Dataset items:
____________

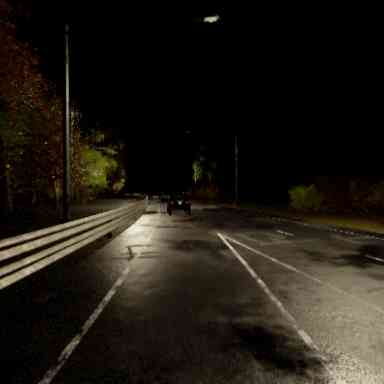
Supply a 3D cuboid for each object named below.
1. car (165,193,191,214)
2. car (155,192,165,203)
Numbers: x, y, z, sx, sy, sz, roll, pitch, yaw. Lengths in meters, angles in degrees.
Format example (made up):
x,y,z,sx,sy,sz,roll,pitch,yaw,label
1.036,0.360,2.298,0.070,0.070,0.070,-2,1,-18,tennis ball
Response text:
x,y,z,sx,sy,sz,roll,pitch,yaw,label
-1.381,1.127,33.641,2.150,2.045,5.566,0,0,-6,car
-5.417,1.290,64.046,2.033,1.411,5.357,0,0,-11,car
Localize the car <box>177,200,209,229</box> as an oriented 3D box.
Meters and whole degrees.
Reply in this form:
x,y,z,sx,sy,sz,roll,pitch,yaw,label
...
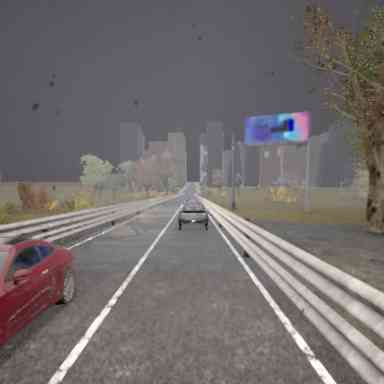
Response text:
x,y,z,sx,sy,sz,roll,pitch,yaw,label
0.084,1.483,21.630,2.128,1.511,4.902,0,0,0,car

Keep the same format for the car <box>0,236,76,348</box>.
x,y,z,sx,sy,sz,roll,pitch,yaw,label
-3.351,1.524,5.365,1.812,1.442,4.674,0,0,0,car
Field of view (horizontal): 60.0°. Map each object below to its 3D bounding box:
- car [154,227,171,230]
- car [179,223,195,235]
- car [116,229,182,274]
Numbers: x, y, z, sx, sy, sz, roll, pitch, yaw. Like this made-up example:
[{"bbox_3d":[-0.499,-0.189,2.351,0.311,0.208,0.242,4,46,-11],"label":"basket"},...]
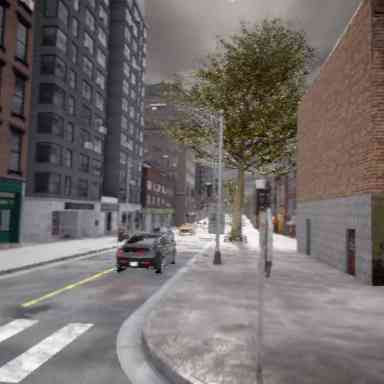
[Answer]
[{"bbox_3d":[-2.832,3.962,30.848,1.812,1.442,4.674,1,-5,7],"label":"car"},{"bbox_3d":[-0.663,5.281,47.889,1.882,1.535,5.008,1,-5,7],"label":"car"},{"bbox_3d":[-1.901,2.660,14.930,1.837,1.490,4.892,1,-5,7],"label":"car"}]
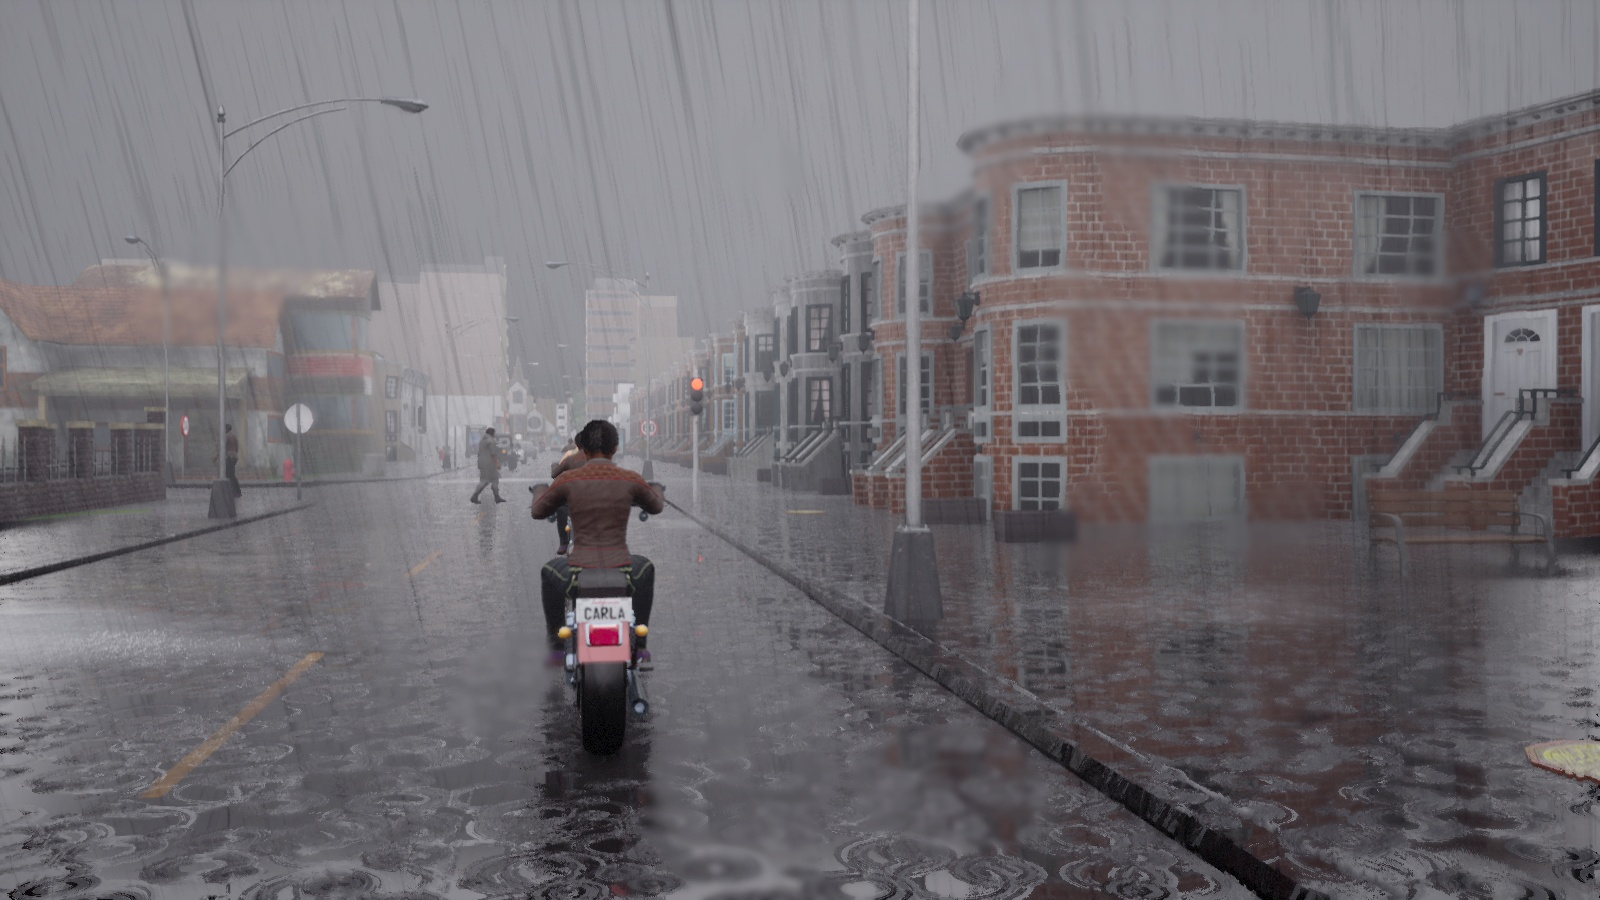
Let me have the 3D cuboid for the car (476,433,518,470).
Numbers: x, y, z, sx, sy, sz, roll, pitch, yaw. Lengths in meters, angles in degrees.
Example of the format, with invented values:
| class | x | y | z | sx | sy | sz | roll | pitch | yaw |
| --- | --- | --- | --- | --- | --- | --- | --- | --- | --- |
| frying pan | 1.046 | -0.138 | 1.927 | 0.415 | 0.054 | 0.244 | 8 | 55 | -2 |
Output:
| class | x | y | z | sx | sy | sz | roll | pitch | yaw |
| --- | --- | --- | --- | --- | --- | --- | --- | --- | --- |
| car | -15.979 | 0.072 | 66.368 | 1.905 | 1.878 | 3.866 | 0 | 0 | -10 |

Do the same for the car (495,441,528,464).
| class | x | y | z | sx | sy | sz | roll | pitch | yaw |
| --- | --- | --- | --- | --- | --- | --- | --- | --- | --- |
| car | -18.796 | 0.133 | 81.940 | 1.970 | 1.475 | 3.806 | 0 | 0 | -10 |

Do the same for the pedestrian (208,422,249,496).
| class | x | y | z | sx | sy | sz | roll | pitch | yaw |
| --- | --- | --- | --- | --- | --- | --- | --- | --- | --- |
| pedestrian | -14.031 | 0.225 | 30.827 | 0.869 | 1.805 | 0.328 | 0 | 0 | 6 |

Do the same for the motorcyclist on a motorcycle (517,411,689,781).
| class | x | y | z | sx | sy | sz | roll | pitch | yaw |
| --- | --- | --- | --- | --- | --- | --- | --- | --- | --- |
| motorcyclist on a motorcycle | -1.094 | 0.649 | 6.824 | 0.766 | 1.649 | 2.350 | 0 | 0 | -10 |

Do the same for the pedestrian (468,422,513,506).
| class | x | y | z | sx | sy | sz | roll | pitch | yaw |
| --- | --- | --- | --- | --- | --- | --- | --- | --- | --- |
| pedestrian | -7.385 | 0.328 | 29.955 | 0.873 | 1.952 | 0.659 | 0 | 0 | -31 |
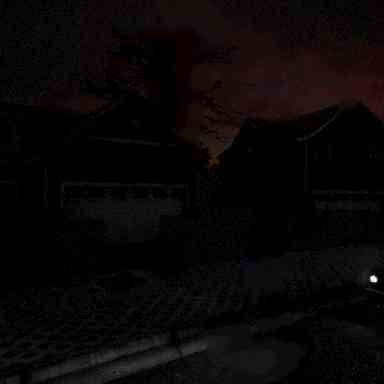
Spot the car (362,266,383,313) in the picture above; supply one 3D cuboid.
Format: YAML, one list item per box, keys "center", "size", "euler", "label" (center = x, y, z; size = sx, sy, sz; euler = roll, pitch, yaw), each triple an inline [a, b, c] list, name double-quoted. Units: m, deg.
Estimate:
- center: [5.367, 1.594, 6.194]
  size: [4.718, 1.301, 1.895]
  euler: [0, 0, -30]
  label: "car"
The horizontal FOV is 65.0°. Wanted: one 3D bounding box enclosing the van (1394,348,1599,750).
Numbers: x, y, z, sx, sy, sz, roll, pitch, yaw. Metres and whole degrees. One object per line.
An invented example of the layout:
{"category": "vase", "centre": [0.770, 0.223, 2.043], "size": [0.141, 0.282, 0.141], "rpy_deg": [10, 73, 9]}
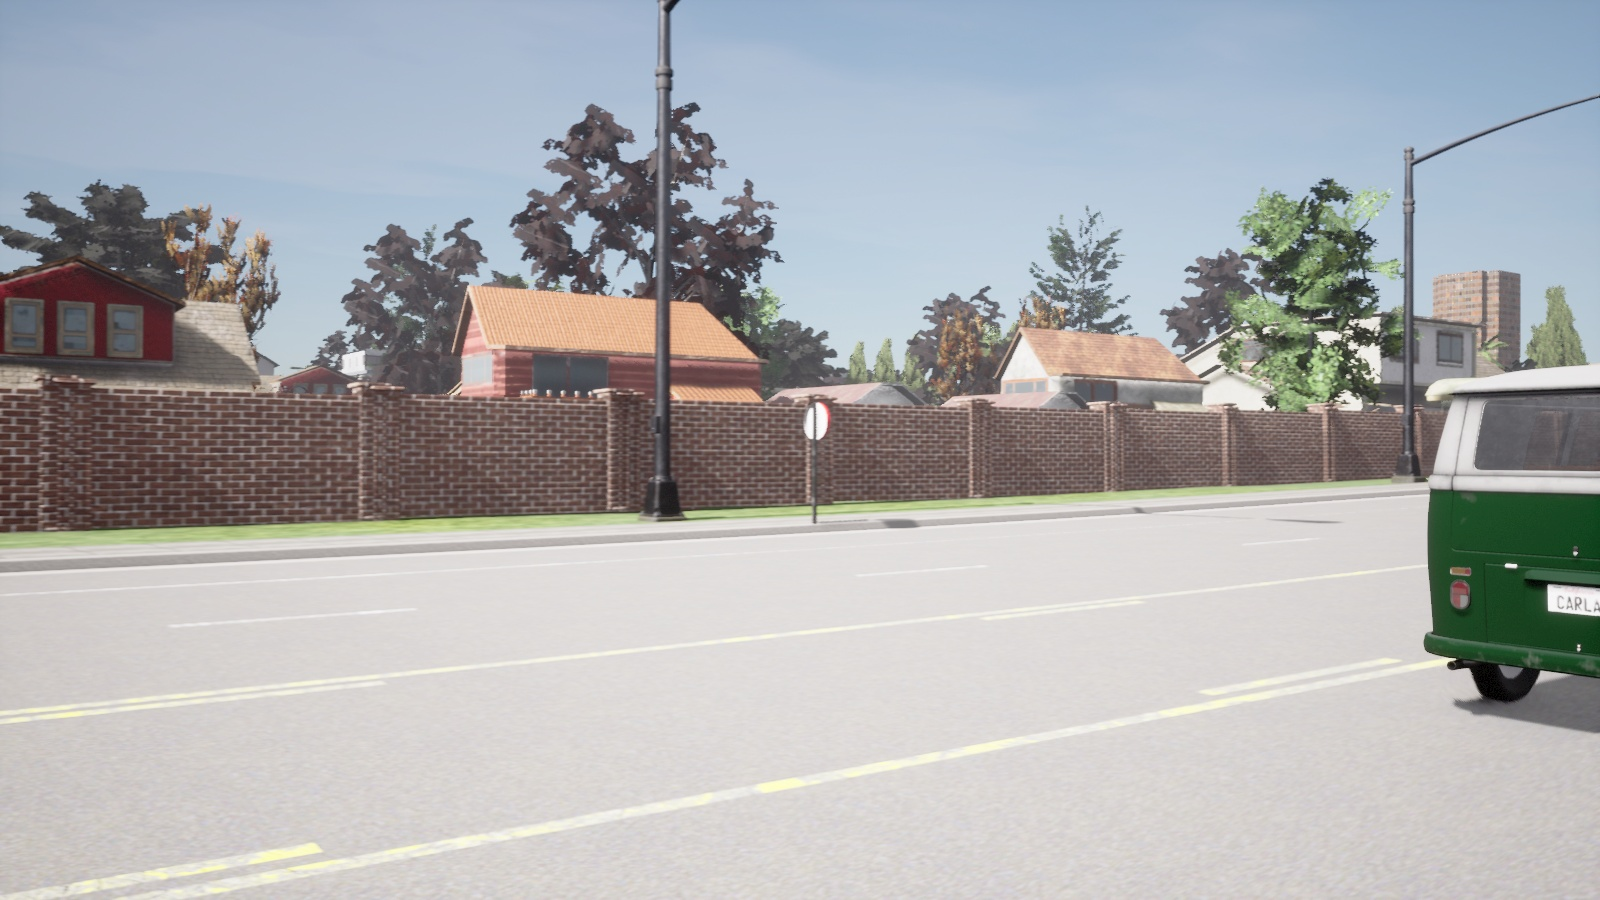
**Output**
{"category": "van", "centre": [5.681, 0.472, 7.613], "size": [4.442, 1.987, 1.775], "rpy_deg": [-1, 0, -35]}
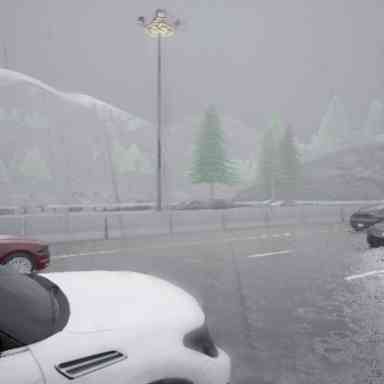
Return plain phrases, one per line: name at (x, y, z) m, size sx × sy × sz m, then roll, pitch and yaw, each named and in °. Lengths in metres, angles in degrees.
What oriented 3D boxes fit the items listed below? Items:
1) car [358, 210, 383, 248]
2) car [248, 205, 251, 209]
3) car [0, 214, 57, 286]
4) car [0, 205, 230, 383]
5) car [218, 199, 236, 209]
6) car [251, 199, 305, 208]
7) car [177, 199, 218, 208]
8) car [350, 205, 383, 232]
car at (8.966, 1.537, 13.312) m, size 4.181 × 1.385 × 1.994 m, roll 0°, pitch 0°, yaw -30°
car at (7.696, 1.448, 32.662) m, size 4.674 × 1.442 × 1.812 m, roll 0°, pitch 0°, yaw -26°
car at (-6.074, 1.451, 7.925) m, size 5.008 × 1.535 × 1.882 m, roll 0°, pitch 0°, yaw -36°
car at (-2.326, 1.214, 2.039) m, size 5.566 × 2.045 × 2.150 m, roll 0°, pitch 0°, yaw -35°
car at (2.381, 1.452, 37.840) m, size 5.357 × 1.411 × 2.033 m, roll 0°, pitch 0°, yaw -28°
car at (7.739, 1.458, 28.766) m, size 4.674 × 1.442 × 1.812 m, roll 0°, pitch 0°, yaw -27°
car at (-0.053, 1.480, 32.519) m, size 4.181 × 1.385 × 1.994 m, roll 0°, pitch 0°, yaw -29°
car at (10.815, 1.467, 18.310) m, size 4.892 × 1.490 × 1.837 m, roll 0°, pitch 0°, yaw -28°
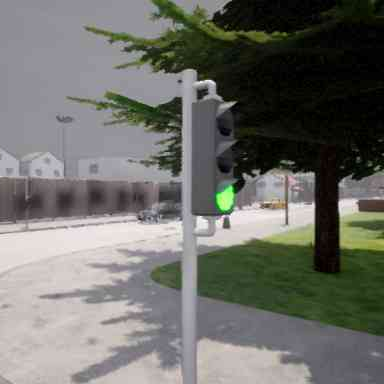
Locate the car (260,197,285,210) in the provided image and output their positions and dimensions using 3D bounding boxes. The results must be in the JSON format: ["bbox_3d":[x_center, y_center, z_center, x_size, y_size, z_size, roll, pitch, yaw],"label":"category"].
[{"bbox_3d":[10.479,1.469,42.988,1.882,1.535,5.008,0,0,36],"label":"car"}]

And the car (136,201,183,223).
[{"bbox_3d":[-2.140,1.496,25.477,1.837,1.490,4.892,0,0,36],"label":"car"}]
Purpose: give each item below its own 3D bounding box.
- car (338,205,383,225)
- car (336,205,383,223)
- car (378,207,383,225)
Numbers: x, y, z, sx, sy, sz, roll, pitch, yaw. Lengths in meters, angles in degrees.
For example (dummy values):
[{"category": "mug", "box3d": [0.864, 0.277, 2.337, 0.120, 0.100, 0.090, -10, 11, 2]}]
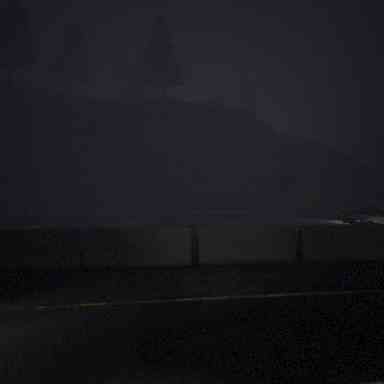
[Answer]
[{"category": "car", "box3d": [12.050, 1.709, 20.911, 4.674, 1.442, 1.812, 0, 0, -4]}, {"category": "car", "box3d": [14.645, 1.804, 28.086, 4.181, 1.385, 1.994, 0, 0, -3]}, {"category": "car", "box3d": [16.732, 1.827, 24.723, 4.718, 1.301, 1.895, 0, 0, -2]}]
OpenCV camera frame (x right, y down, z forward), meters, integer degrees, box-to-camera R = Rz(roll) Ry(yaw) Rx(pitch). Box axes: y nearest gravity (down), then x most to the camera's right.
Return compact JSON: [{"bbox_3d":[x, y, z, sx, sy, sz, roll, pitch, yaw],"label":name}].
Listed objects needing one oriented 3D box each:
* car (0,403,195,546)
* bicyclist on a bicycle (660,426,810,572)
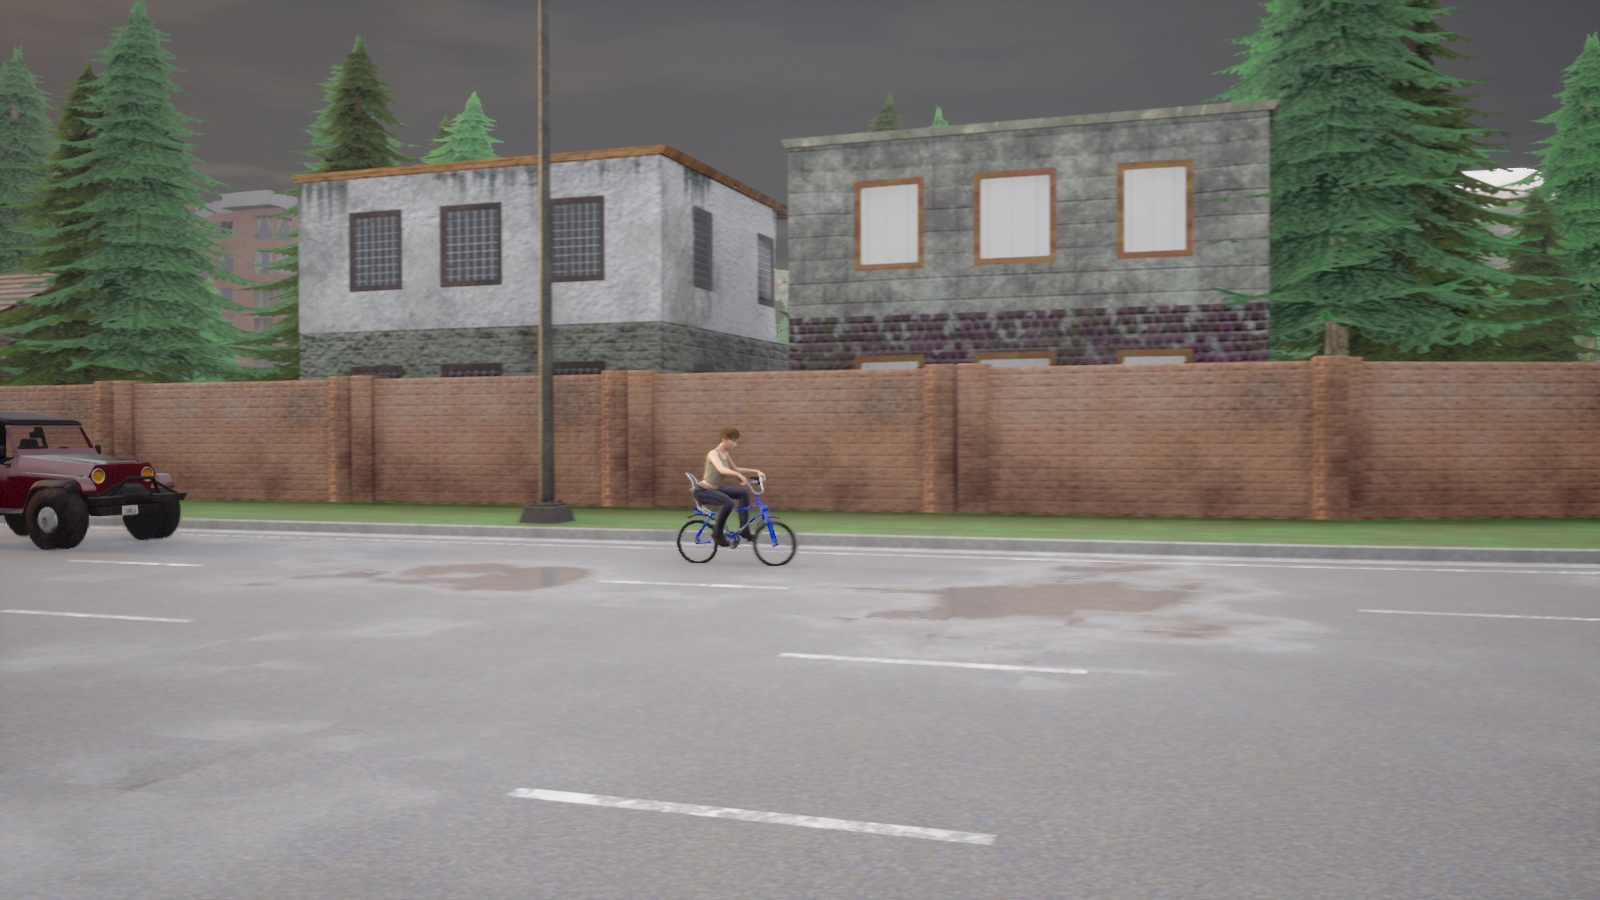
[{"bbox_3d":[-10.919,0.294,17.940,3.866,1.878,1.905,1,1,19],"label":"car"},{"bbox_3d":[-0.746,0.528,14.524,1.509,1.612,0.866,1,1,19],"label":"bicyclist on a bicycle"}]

____________

PROBLEM STATEMENT: Only the lines from the one containing "Listed objects needing" through the last line of the records above should be repeated, exactly and without pictures.

RESULT FOR THIS EXERCISE:
Listed objects needing one oriented 3D box each:
* car (0,403,195,546)
* bicyclist on a bicycle (660,426,810,572)
[{"bbox_3d":[-10.919,0.294,17.940,3.866,1.878,1.905,1,1,19],"label":"car"},{"bbox_3d":[-0.746,0.528,14.524,1.509,1.612,0.866,1,1,19],"label":"bicyclist on a bicycle"}]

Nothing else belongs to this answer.